CXI can vividly remember listening to radio shows for children when I was young and one of the songs that has stuck in my memory was by Danny Kaye called “The King’s New Clothes,” based on the story by Hans Christian Andersen. The story tells of a king (or Emperor) who was convinced by “swindlers” that an “invisible” suit of clothes was the most fabulous that had ever been created, and that only fools couldn’t see it. So rather than wanting to seem foolish he went along with their story, as did the queen, the courtiers and anyone who didn’t want to offend the king. That was until, in the big parade, a little boy calls out the folly of the king’s new clothes. Then of course everyone then confessed they could not see them, but by then it was too late, the swindlers were far, far away.

Sadly, many organizations seem to have “Kings New Clothes” moments all too frequently. The latest fad comes along, often with initial good intentions but all too soon businesses are sucked into this new strategy or that big project, consuming large amounts of resources and often not delivering the espoused benefits.

Customer Experience (CX) is big on the agenda for most organizations as the next great answer to increasing loyalty, sales and the likelihood to recommend. However, there is a danger that in the euphoria of CX that some will be sold on approaches that in truth are no more useful at improving it than the King’s New Clothes were at covering his… “Modesty”.

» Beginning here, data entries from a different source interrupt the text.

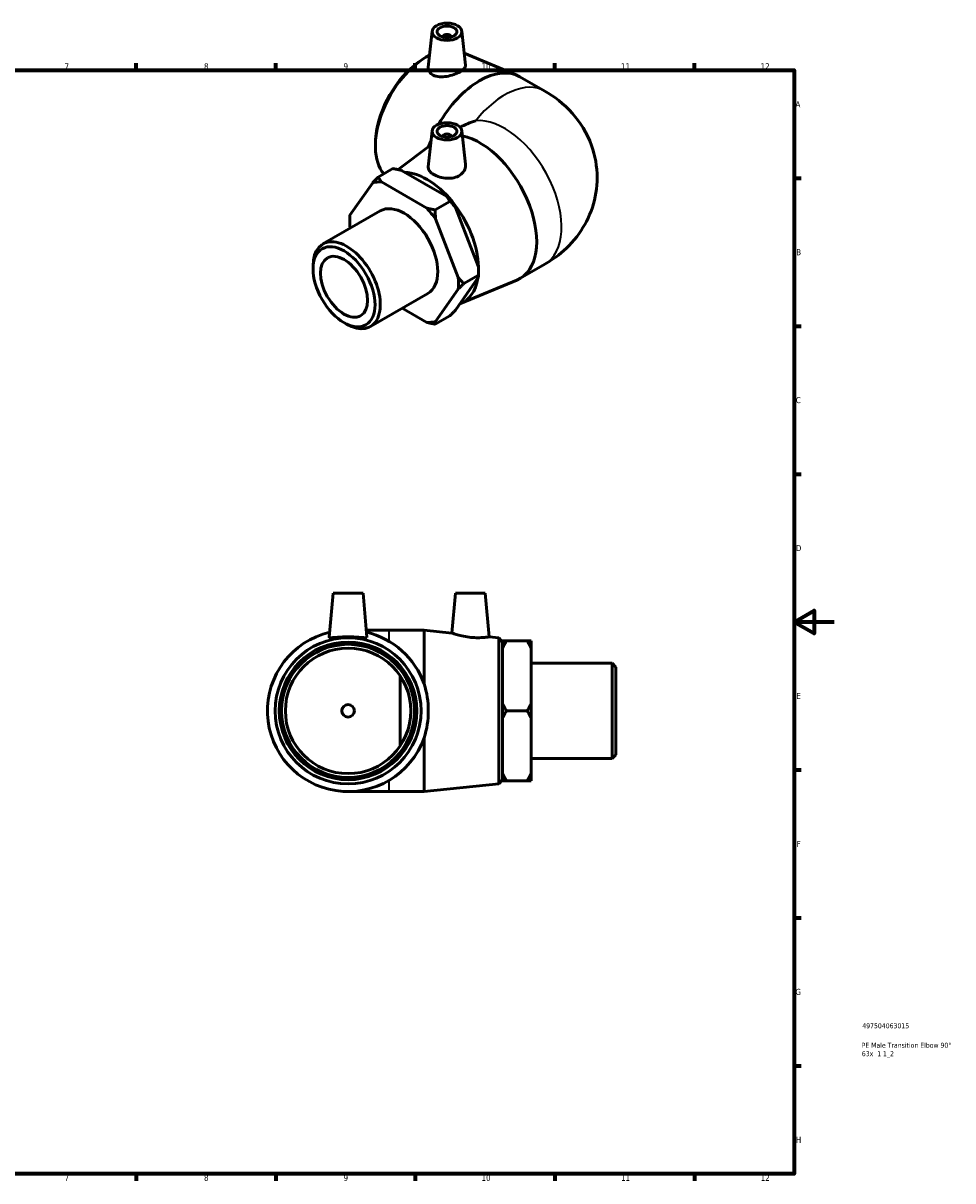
# Model space of a CAD drawing. Header units: millimetres. Extents: x -76 to 901, y -67 to 628.
# Tile 3 of 3: x 434 to 901, y 17 to 598. Entities that reach past the tile are written whole.
import ezdxf

# ---------------------------------------------------------------- set-up
doc = ezdxf.new("R2010")
doc.units = ezdxf.units.MM
for name, color, linetype, lineweight in [('Border (ANSI)', 7, 'Continuous', 70), ('Title (ISO)', 7, 'Continuous', 50), ('Visible (ANSI)', 7, 'Continuous', 50), ('Visible Narrow (ANSI)', 7, 'Continuous', 35)]:
    doc.layers.add(name, color=color, linetype=linetype, lineweight=lineweight)
doc.styles.add('Note Text (ANSI)', font='tahoma.ttf')
doc.styles.add('Note Text (ISO)', font='tahoma.ttf')

# ---------------------------------------------------------------- blocks, each defined once
blk = doc.blocks.new('Borders Default Border')
at = {"layer": 'Border (ANSI)'}
for p, q in [((490.58, 574), (490.58, 577.45)), ((560.67, 574), (560.67, 577.45)), ((630.75, 574), (630.75, 577.45)), ((700.83, 574), (700.83, 577.45)), ((770.92, 574), (770.92, 577.45)), ((821, 519.75), (824.45, 519.75)), ((821, 445.5), (824.45, 445.5)), ((821, 371.25), (824.45, 371.25)), ((821, 222.75), (824.45, 222.75)), ((821, 148.5), (824.45, 148.5)), ((821, 74.25), (824.45, 74.25)), ((490.58, 20), (490.58, 16.55)), ((560.67, 20), (560.67, 16.55)), ((630.75, 20), (630.75, 16.55)), ((700.83, 20), (700.83, 16.55)), ((770.92, 20), (770.92, 16.55))]:
    blk.add_line(p, q, dxfattribs=at)
at = {"layer": 'Border (ANSI)', "flags": 128}
for points in [[(20, 20), (20, 574), (821, 574), (821, 20), (20, 20)], [(841, 297), (821, 297), (831, 302.77), (831, 291.23), (821, 297)]]:
    blk.add_lwpolyline(points, dxfattribs=at)
at = {"layer": 'Border (ANSI)', "color": 230, "true_color": 0xff0080, "attachment_point": 7, "style": 'Note Text (ANSI)'}
for s, insert, char_height in [('7', (454.6, 574.4), 3.05), ('8', (524.63, 574.33), 3.05), ('9', (594.7, 574.34), 3.05), ('10', (663.96, 574.34), 3.048), ('11', (734.04, 574.4), 3.048), ('12', (804.13, 574.4), 3.048), ('A', (821.63, 555.35), 3.05), ('B', (821.99, 481.1), 3.05), ('C', (821.8, 406.8), 3.05), ('D', (821.81, 332.6), 3.05), ('E', (822.05, 258.35), 3.05), ('F', (822.14, 184.1), 3.05), ('G', (821.66, 109.79), 3.05), ('H', (821.81, 35.6), 3.05), ('7', (454.6, 16.55), 3.05), ('8', (524.63, 16.48), 3.05), ('9', (594.7, 16.49), 3.05), ('10', (663.96, 16.49), 3.048), ('11', (734.04, 16.55), 3.048), ('12', (804.13, 16.55), 3.048)]:
    blk.add_mtext(s, dxfattribs=dict(at, insert=insert, char_height=char_height))
blk = doc.blocks.new('Title Blocks ISO')
at = {"layer": 'Title (ISO)', "color": 232, "true_color": 0xca0064, "style": 'Note Text (ISO)'}
for tag, p in [('PART_NUMBER_001', (34.16, 73.13)), ('DESCRIPTION_001', (33.84, 63.34)), ('DESCRIPTION_002', (33.95, 59.12))]:
    blk.add_attdef(tag, p, '', height=2.5, dxfattribs=at)

msp = doc.modelspace()

# ---------------------------------------------------------------- linework, layer by layer
at = {"layer": 'Visible (ANSI)'}
for p, q in [((639.173, 593.52), (637.24, 575.486)), ((654.145, 593.52), (655.969, 576.508)), ((644.659, 590.801), (644.659, 590.615)), ((648.659, 590.801), (648.659, 590.615)), ((655.328, 582.49), (681.736, 571.43)), ((632.333, 577.966), (633.487, 578.791)), ((683.27, 570.671), (695.762, 563.477)), ((610.972, 540.872), (610.838, 539.46)), ((639.173, 543.549), (637.234, 525.463)), ((644.659, 540.83), (644.659, 540.644)), ((648.659, 540.83), (648.659, 540.644)), ((654.145, 543.549), (655.949, 526.721)), ((622.156, 524.047), (638.402, 536.355)), ((619.52, 524.586), (612.117, 520.322)), ((623.762, 523.682), (646.589, 510.537)), ((609.328, 517.48), (597.914, 501.196)), ((636.513, 504.734), (613.686, 517.88)), ((640.755, 503.831), (648.158, 508.094)), ((584.35, 486.748), (613.172, 503.345)), ((597.798, 498.354), (597.798, 499.893)), ((650.947, 505.118), (662.361, 475.689)), ((597.914, 495.378), (598.174, 494.708)), ((652.285, 469.886), (640.871, 499.316)), ((683.27, 469.395), (695.762, 476.589)), ((579.377, 474.228), (579.377, 475.767)), ((655.074, 466.91), (662.477, 471.174)), ((662.477, 472.713), (662.477, 471.174)), ((662.361, 469.871), (650.947, 453.587)), ((653.474, 456.8), (681.736, 468.636)), ((608.205, 445.322), (637.027, 461.92)), ((640.871, 447.784), (652.285, 464.068)), ((624.15, 454.504), (636.513, 447.385)), ((648.158, 450.745), (640.755, 446.481)), ((594.881, 447.305), (596.213, 446.532)), ((589.492, 311.427), (587.561, 289.354)), ((589.492, 311.427), (604.492, 311.427)), ((604.492, 311.427), (606.424, 289.354)), ((650.852, 311.427), (649.108, 291.491)), ((650.852, 311.427), (665.852, 311.427)), ((665.852, 311.427), (667.765, 289.57)), ((617.492, 292.927), (606.111, 292.927)), ((635.159, 292.927), (617.492, 292.927)), ((635.159, 292.927), (635.159, 265.976)), ((649.108, 291.491), (635.159, 292.927)), ((672.612, 289.071), (667.765, 289.57)), ((672.612, 215.784), (672.612, 289.071)), ((674.492, 286.987), (672.612, 289.071)), ((674.492, 286.987), (674.492, 217.867)), ((674.592, 283.943), (674.592, 287.501)), ((676.482, 287.501), (686.952, 287.501)), ((688.842, 287.501), (688.842, 283.943)), ((674.592, 283.927), (674.492, 283.927)), ((674.592, 255.986), (674.592, 283.943)), ((688.842, 283.943), (688.842, 255.986)), ((729.602, 276.329), (688.842, 276.329)), ((729.602, 228.526), (729.602, 276.329)), ((731.492, 274.439), (729.602, 276.329)), ((731.492, 274.439), (731.492, 230.416)), ((623.192, 269.915), (623.192, 234.94)), ((674.592, 248.869), (674.592, 255.986)), ((688.842, 255.986), (688.842, 248.869)), ((676.482, 252.427), (686.952, 252.427)), ((674.592, 220.911), (674.592, 248.869)), ((688.842, 248.869), (688.842, 220.911)), ((635.159, 238.879), (635.159, 211.927)), ((729.602, 228.526), (688.842, 228.526)), ((731.492, 230.416), (729.602, 228.526)), ((674.592, 220.927), (674.492, 220.927)), ((674.592, 217.353), (674.592, 220.911)), ((688.842, 220.911), (688.842, 217.353)), ((672.612, 215.784), (635.159, 211.927)), ((674.492, 217.867), (672.612, 215.784)), ((676.482, 217.353), (686.952, 217.353)), ((596.992, 211.927), (617.492, 211.927)), ((635.159, 211.927), (617.492, 211.927))]:
    msp.add_line(p, q, dxfattribs=at)
for radius in [36.644, 34.56, 33.39, 31.5, 3.15]:
    msp.add_circle((596.992, 252.427), radius, dxfattribs=at)
for start, end in [(103.146523, 340.456336), (19.543664, 76.853477)]:
    msp.add_arc((596.992, 252.427), 40.5, start, end, dxfattribs=at)
for centre, major_axis, ratio in [((646.659, 593.254), (-7.5, 0), 0.5758617), ((646.659, 593.254), (-5, 0), 0.5758617), ((646.659, 543.283), (-7.5, 0), 0.5758617), ((646.659, 543.283), (-5, 0), 0.5758617), ((594.941, 465.265), (-10.984, 19.075), 0.5780931), ((594.941, 465.265), (-8.349, 14.499), 0.5780931)]:
    msp.add_ellipse(centre, major_axis=major_axis, ratio=ratio, dxfattribs=at)
for centre, major_axis, ratio, start_param, end_param in [((646.659, 590.801), (-2, 0), 0.5758617, 2.9729035, 6.4518745), ((636.576, 550.825), (-18.286, -31.755), 0.5780931, 3.8745308, 6.0758738), ((635.247, 551.591), (-17.247, -29.949), 0.5780931, 4.0445587, 5.3802192), ((663.059, 535.574), (20.211, 35.097), 0.5780931, 0, 1.5809231), ((690.047, 520.033), (57.276, 0), 0.5780931, 2.1015377, 2.2694286), ((646.659, 540.83), (2, 0), 0.5758617, 6.1144961, 9.5934671), ((663.059, 504.492), (20.211, -35.097), 0.5780931, 6.2101718, 8.9479704), ((663.059, 535.574), (-20.211, -35.097), 0.5780931, 4.9438904, 5.0322863), ((625.1, 482.632), (-19.268, 33.459), 0.5780931, 5.9310323, 6.1156069), ((636.576, 489.241), (-18.286, 31.755), 0.5780931, 3.8952835, 5.9430236), ((625.1, 482.632), (-11.928, 20.713), 0.5780931, 3.1415927, 6.2831853), ((635.176, 488.435), (-19.268, 33.459), 0.5780931, 4.8838348, 5.0684094), ((625.1, 482.632), (-19.268, 33.459), 0.5780931, 0.6950446, 0.8796192), ((625.1, 482.632), (19.268, -33.459), 0.5780931, 1.7422421, 1.9268167), ((596.278, 466.035), (11.928, -20.713), 0.5780931, 5.4958534, 10.2121098), ((635.176, 488.435), (-19.268, 33.459), 0.5780931, 3.9289245, 4.0212118), ((625.1, 482.632), (19.268, -33.459), 0.5780931, 0.6950446, 0.8796192), ((636.576, 489.241), (18.286, -31.755), 0.5780931, 6.1908779, 6.9029589), ((625.1, 482.632), (19.268, -33.459), 0.5780931, 5.9310323, 6.1156069), ((592.369, 252.427), (44.906, 0), 0.9946849, 5.9750154, 6.5913552)]:
    msp.add_ellipse(centre, major_axis=major_axis, ratio=ratio, start_param=start_param, end_param=end_param, dxfattribs=at)
for points, knots in [([(639.764, 571.472), (638.971, 571.859), (638.289, 572.414), (637.403, 573.728), (637.199, 574.485), (637.223, 575.297), (637.23, 575.391), (637.24, 575.486)], [0, 0, 0, 0, 0.34690394, 0.34690394, 0.69380787, 0.69380787, 0.73906649, 0.73906649, 0.73906649, 0.73906649]), ([(655.969, 576.508), (655.975, 576.451), (655.978, 576.394), (655.978, 575.849), (655.742, 575.311), (654.776, 574.227), (654.045, 573.68), (652.347, 572.702), (651.274, 572.211), (648.94, 571.394), (647.678, 571.07), (645.299, 570.684), (644.021, 570.601), (641.674, 570.789), (640.603, 571.063), (639.764, 571.472)], [3.4760463, 3.4760463, 3.4760463, 3.4760463, 3.5181072, 3.5181072, 3.8784363, 3.8784363, 4.2387654, 4.2387654, 4.5990945, 4.5990945, 4.9594236, 4.9594236, 5.3267128, 5.3267128, 5.694002, 5.694002, 5.694002, 5.694002]), ([(695.762, 563.477), (700.459, 560.773), (705.23, 557.228), (713.42, 547.973), (716.929, 542.579), (721.026, 531.155), (722.056, 525.607), (722.056, 514.881), (721.181, 509.751), (718.006, 500.147), (715.645, 495.753), (709.798, 487.552), (706.204, 484.027), (700.323, 479.412), (698.04, 477.9), (695.762, 476.589)], [4.712389, 4.712389, 4.712389, 4.712389, 5.0265482, 5.0265482, 5.2941224, 5.2941224, 5.4978289, 5.4978289, 5.6859019, 5.6859019, 5.8873351, 5.8873351, 6.1308639, 6.1308639, 6.2831853, 6.2831853, 6.2831853, 6.2831853]), ([(653.098, 521.239), (652.264, 520.688), (651.214, 520.245), (648.925, 519.732), (647.687, 519.659), (645.372, 519.789), (644.137, 520.003), (641.864, 520.663), (640.826, 521.107), (639.181, 522.055), (638.463, 522.622), (637.493, 523.829), (637.242, 524.471), (637.216, 525.21), (637.221, 525.336), (637.235, 525.463)], [0, 0, 0, 0, 0.3469039, 0.3469039, 0.6938079, 0.6938079, 1.0427862, 1.0427862, 1.3917644, 1.3917644, 1.7407427, 1.7407427, 2.089721, 2.089721, 2.1597892, 2.1597892, 2.1597892, 2.1597892]), ([(655.948, 526.721), (655.968, 526.54), (655.978, 526.36), (655.978, 525.296), (655.735, 524.337), (654.737, 522.598), (653.981, 521.821), (653.098, 521.239)], [4.88562462, 4.88562462, 4.88562462, 4.88562462, 4.95942362, 4.95942362, 5.3267128, 5.3267128, 5.69400198, 5.69400198, 5.69400198, 5.69400198]), ([(667.765, 289.57), (667.765, 289.57), (667.539, 289.533), (666.618, 289.409), (665.922, 289.324), (664.315, 289.194), (663.295, 289.14), (661.05, 289.144), (659.825, 289.206), (657.457, 289.442), (656.166, 289.639), (653.8, 290.112), (652.725, 290.385), (651.043, 290.856), (650.317, 291.086), (649.349, 291.405), (649.108, 291.491), (649.108, 291.491)], [1.3917644, 1.3917644, 1.3917644, 1.3917644, 1.7407427, 1.7407427, 2.089721, 2.089721, 2.4366249, 2.4366249, 2.7835289, 2.7835289, 3.150818, 3.150818, 3.5181072, 3.5181072, 3.8784363, 3.8784363, 4.2387654, 4.2387654, 4.2387654, 4.2387654]), ([(606.421, 289.32), (606.392, 289.206), (606.131, 289.144), (605.14, 289.14), (604.408, 289.194), (602.741, 289.324), (601.69, 289.409), (599.398, 289.533), (598.156, 289.57), (595.829, 289.57), (594.587, 289.533), (592.294, 289.409), (591.244, 289.324), (589.576, 289.194), (588.845, 289.14), (587.853, 289.144), (587.593, 289.206), (587.561, 289.331), (587.56, 289.342), (587.561, 289.354)], [0, 0, 0, 0, 0.3469039, 0.3469039, 0.6938079, 0.6938079, 1.0427862, 1.0427862, 1.3917644, 1.3917644, 1.7407427, 1.7407427, 2.089721, 2.089721, 2.4366249, 2.4366249, 2.7835289, 2.7835289, 2.8158119, 2.8158119, 2.8158119, 2.8158119])]:
    msp.add_open_spline(points, degree=3, knots=knots, dxfattribs=at)
for points in [[(619.52, 524.586), (621.751, 524.157), (623.762, 523.682)], [(612.117, 520.322), (610.63, 518.833), (609.328, 517.48)], [(613.686, 517.88), (612.861, 519.037), (612.117, 520.322)], [(646.589, 510.537), (647.415, 509.379), (648.158, 508.094)], [(648.158, 508.094), (649.646, 506.605), (650.947, 505.118)], [(597.914, 501.196), (597.798, 500.526), (597.798, 499.893)], [(640.755, 503.831), (638.524, 504.259), (636.513, 504.734)], [(640.871, 499.316), (640.755, 501.485), (640.755, 503.831)], [(662.361, 475.689), (662.477, 473.519), (662.477, 471.174)], [(662.477, 471.174), (662.477, 470.541), (662.361, 469.871)], [(655.074, 466.91), (653.586, 468.4), (652.285, 469.886)], [(652.285, 464.068), (653.586, 465.421), (655.074, 466.91)], [(650.947, 453.587), (649.646, 452.234), (648.158, 450.745)], [(640.755, 446.481), (640.755, 447.114), (640.871, 447.784)], [(636.513, 447.385), (638.524, 446.91), (640.755, 446.481)], [(674.592, 283.943), (675.431, 285.68), (676.482, 287.501)], [(676.482, 287.501), (675.431, 287.501), (674.592, 287.501)], [(686.952, 287.501), (688.004, 285.68), (688.842, 283.943)], [(688.842, 287.501), (688.004, 287.501), (686.952, 287.501)], [(676.482, 252.427), (675.431, 254.249), (674.592, 255.986)], [(688.842, 255.986), (688.004, 254.249), (686.952, 252.427)], [(674.592, 248.869), (675.431, 250.606), (676.482, 252.427)], [(686.952, 252.427), (688.004, 250.606), (688.842, 248.869)], [(676.482, 217.353), (675.431, 219.175), (674.592, 220.911)], [(688.842, 220.911), (688.004, 219.175), (686.952, 217.353)], [(674.592, 217.353), (675.431, 217.353), (676.482, 217.353)], [(686.952, 217.353), (688.004, 217.353), (688.842, 217.353)]]:
    msp.add_rational_spline(points, [1, 1.00135137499, 1], degree=2, dxfattribs=at)
msp.add_open_spline([(606.423, 289.354), (606.424, 289.342), (606.424, 289.331), (606.421, 289.32)], degree=3, dxfattribs=at)
at = {"layer": 'Visible Narrow (ANSI)'}
for p, q in [((617.492, 292.913), (617.492, 287.888)), ((617.492, 216.967), (617.492, 211.942))]:
    msp.add_line(p, q, dxfattribs=at)
for centre, major_axis, start_param, end_param in [((675.552, 528.381), (20.211, 35.097), 0, 1.3142058), ((675.552, 511.686), (-20.211, 35.097), 3.1415927, 6.0304622)]:
    msp.add_ellipse(centre, major_axis=major_axis, ratio=0.5780931, start_param=start_param, end_param=end_param, dxfattribs=at)

# ---------------------------------------------------------------- block references
msp.add_blockref('Borders Default Border', (0, 0))
msp.add_blockref('Title Blocks ISO', (821, 20)).add_auto_attribs({'PART_NUMBER_001': '497504063015', 'DESCRIPTION_001': 'PE Male Transition Elbow 90°', 'DESCRIPTION_002': '63x  1 1_2'})

doc.saveas('drawing.dxf')

Here are three approaches that appear admirable on their own but that can lead to a lot of time and costs being wasted and perhaps deliver “invisible” results:

  1. Gathering insights – There has been an explosion of interest in VOC (Voice of Customer) over the past few years. Many new businesses have been built up around assisting organizations to get more customer insights to help them collect scores and measure in great detail the customer’s feelings about their experiences. As a customer, however, I am getting tired of being constantly questioned at every interaction point about my “experiences” and yet not see any real improvement in the experience that I receive. It’s great to focus on VOC, but don’t let too much analysis lead to CX paralysis!
  2. Storing Too Much Information – I agree that to deliver CX requires the gathering of lots of information about the customer and their experiences (VOC, big data, CRM), but for some there seems to be a huge focus on storing more and more information. Organizations can get too focused on building “bigger barns” to store the data and not enough time on how to make it actionable so that the customer experience can actually be improved.
  3. Siloed Applications – Gathering, analyzing and storing all of this data is made more complex by the disorganized approach taken when interacting with the customer.  Siloed solutions for each interaction channel means that all of this data has to be gathered from disparate systems with difference data structures, etc. This also complicates the application of the “learning” that has been achieved through the VOC and Big Data programs leading to a disjointed customer experience. Best-of-breed and point solution strategies for managing the customer interactions ultimately cannot deliver great CX effectively and efficiently.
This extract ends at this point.